Patients treated with DS5361b experienced a significant reduction in serum phosphate levels, decreasing by an average of 2.1 mg/dL from a baseline of 7.0 mg/dL. In contrast, patients on placebo saw a smaller reduction of 0.5 mg/dL from a baseline of 7.1 mg/dL. This reduction in phosphate levels is considered beneficial for patients with hyperphosphatemia.
Additionally, 47% of patients receiving DS5361b achieved the target serum phosphate level of less than 5.5 mg/dL by Week 12, compared to 13% of patients on placebo. Serum calcium levels showed a slight increase of 0.2 mg/dL in the DS5361b group, while no significant change was observed in the placebo group.
Currently Recruiting Trials
DS5361b is currently being investigated in a clinical trial for patients with advanced solid tumors.
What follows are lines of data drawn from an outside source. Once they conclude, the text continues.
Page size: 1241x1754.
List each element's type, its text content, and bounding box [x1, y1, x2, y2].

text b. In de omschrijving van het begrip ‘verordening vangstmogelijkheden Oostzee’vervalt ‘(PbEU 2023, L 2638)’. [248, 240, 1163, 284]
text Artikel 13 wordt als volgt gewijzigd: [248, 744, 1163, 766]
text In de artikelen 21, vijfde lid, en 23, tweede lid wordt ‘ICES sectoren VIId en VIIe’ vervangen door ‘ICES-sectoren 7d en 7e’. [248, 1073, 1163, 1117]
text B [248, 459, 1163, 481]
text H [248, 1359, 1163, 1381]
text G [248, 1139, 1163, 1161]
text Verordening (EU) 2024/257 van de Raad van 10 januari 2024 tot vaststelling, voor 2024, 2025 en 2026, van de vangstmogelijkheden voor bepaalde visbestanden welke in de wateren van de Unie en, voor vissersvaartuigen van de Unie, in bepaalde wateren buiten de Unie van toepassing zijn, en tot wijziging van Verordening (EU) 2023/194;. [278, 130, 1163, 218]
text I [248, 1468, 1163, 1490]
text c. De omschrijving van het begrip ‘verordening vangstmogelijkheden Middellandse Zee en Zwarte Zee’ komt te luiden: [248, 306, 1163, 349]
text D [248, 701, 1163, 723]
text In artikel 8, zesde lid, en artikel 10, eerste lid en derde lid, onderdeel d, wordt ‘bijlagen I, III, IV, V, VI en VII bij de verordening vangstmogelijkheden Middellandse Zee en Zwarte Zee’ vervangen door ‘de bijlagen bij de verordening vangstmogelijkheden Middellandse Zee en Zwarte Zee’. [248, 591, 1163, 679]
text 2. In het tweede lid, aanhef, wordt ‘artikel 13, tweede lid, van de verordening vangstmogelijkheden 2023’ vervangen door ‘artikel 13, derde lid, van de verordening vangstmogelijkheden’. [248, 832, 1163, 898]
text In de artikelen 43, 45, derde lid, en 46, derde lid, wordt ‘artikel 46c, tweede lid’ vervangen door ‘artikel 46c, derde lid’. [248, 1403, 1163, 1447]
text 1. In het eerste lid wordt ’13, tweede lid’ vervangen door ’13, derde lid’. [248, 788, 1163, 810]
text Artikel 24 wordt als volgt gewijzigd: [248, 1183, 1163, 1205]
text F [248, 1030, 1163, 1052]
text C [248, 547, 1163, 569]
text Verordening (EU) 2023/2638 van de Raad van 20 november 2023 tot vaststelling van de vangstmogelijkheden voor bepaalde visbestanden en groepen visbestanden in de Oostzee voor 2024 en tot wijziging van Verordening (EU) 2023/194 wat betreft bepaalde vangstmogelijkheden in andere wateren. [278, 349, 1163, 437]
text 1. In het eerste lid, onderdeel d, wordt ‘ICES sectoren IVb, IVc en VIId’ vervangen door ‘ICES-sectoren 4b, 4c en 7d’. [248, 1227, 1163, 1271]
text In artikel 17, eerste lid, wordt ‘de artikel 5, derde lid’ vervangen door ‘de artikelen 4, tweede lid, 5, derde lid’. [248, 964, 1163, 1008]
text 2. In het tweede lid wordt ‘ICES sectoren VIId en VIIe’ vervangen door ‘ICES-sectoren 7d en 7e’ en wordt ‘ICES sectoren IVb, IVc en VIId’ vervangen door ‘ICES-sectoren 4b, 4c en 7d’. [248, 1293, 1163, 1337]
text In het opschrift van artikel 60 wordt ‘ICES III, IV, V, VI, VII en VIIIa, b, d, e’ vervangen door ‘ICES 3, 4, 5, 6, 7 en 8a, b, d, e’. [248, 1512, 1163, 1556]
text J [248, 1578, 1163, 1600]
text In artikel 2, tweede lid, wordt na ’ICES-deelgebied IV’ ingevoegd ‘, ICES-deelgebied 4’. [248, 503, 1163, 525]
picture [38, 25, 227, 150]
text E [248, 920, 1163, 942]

This study, NCT07182591, sponsored by Daiichi Sankyo, is a Phase 1 trial designed to evaluate the safety, tolerability, and preliminary effectiveness of DS5361b. Researchers also aim to determine the maximum tolerated dose of the drug.
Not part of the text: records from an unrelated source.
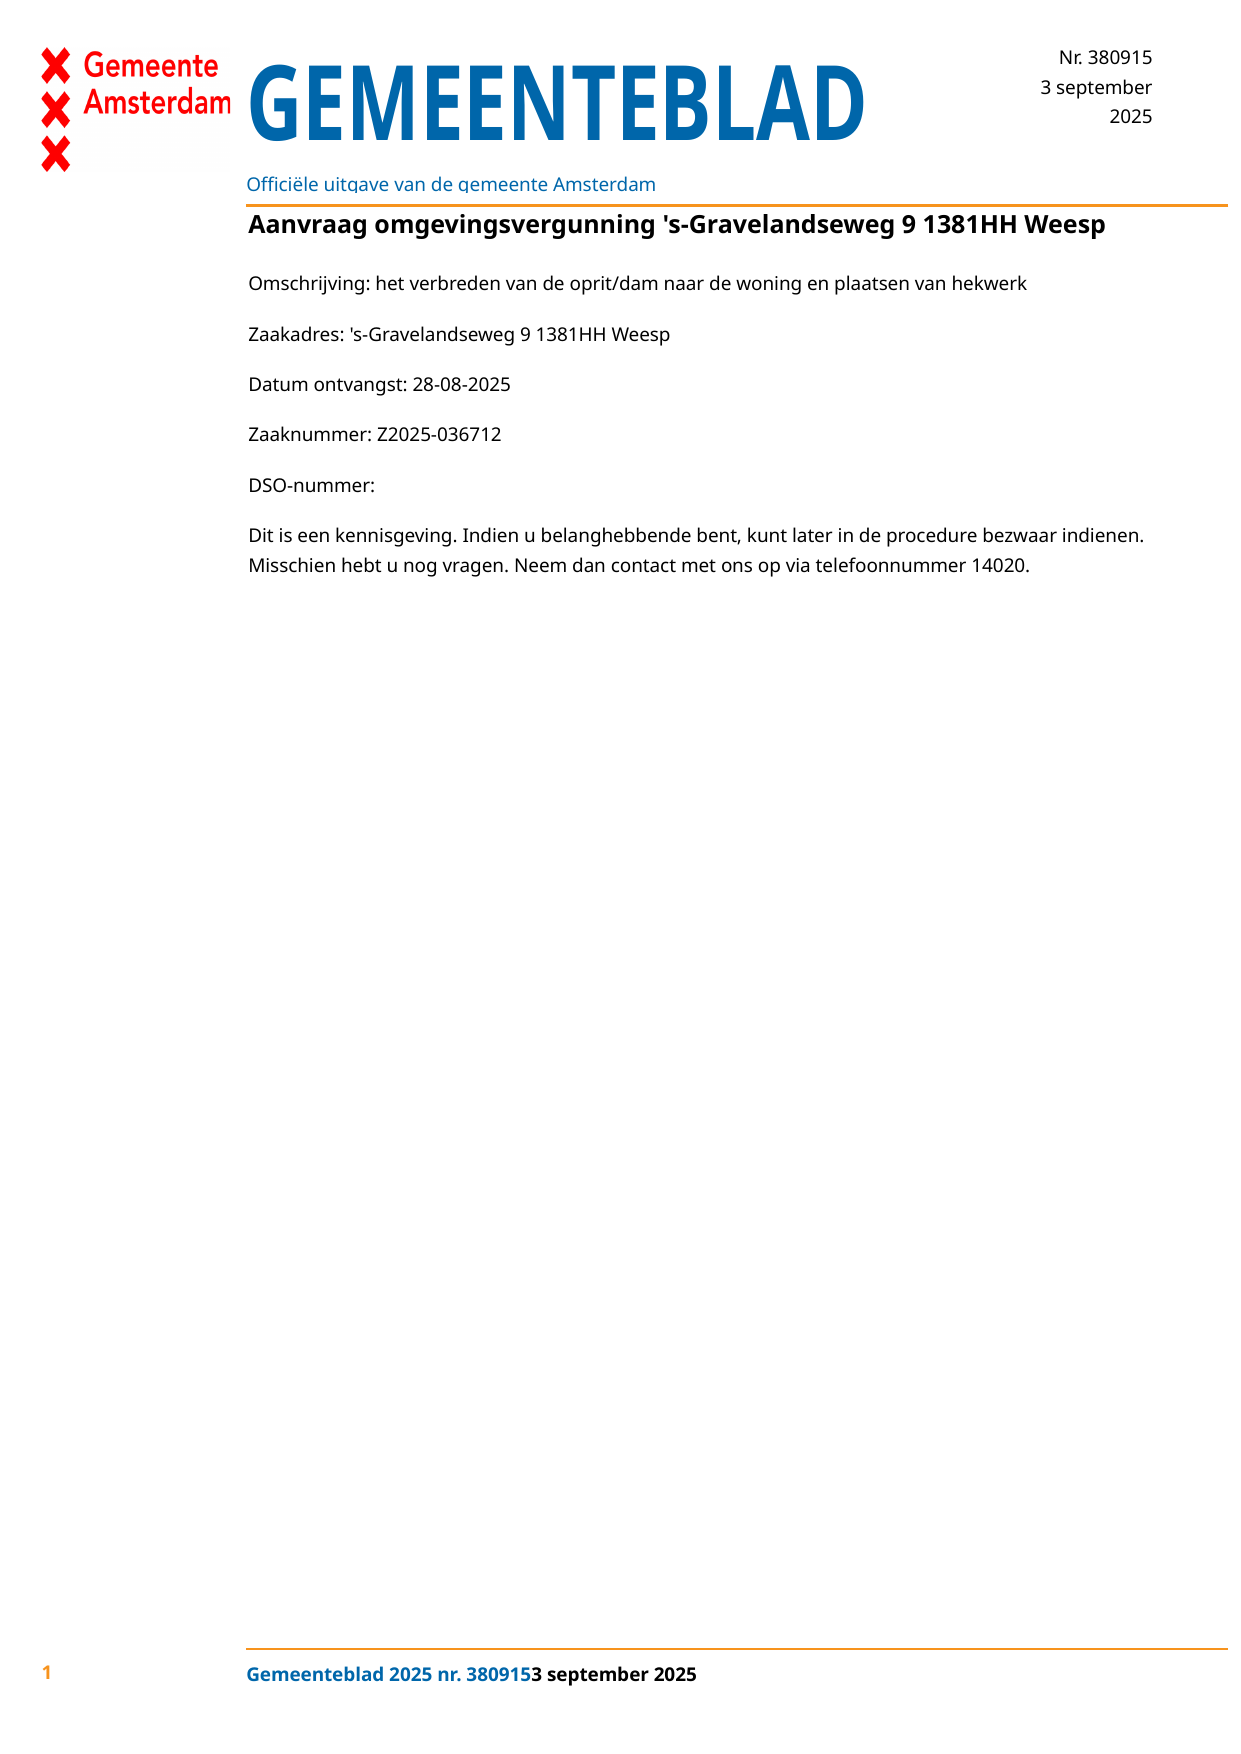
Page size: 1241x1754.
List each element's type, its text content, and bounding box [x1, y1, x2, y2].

text DSO-nummer: [248, 472, 1152, 498]
text Datum ontvangst: 28-08-2025 [248, 371, 1152, 397]
text Zaakadres: 's-Gravelandseweg 9 1381HH Weesp [248, 321, 1152, 346]
text Dit is een kennisgeving. Indien u belanghebbende bent, kunt later in de procedure bezwaar indienen. Misschien hebt u nog vragen. Neem dan contact met ons op via telefoonnummer 14020. [248, 522, 1152, 578]
text Aanvraag omgevingsvergunning 's-Gravelandseweg 9 1381HH Weesp [248, 207, 1152, 241]
picture [41, 47, 231, 172]
text Zaaknummer: Z2025-036712 [248, 422, 1152, 447]
text Omschrijving: het verbreden van de oprit/dam naar de woning en plaatsen van hekwerk [248, 270, 1152, 296]

The study is structured in three parts: initially, DS5361b is given as a monotherapy in a dose escalation phase. Following this, it will be explored in combination with pembrolizumab, first in a dose escalation part, and then in a dose expansion part. The trial is seeking to enroll approximately 192 participants who have advanced or metastatic solid tumors. If you have been diagnosed with an advanced solid tumor, you may be eligible to participate and contribute to understanding this potential new treatment.
Where to Participate
Participation in the DS5361b trial is currently available at a limited number of locations across the United States. There is 1 site actively recruiting across 5 cities in 4 states. Potential participants must be at least 18 years old; the study is open to all genders. It is important to note that this trial is not seeking healthy volunteers or children. The primary locations where you can inquire about participation include:
- Sarasota, Florida
- Providence, Rhode Island
- Irving, Texas
- San Antonio, Texas
- Fairfax, Virginia
Development Timeline
The journey of DS5361b began with its first clinical trial initiated on September 19, 2025. This initial step in development was driven by Daiichi Sankyo, the sole sponsor of DS5361b's clinical research to date. Interestingly, the early development focus for DS5361b started with conditions such as IBS-C and hyperphosphatemia. However, the pipeline has since expanded, leading to its current investigation in advanced solid tumors.
The drug is presently in Phase 1 of its clinical development, with a single trial, NCT07182591, currently underway. This trial aims to enroll a total of 192 participants, marking a significant step in understanding DS5361b's potential in oncology.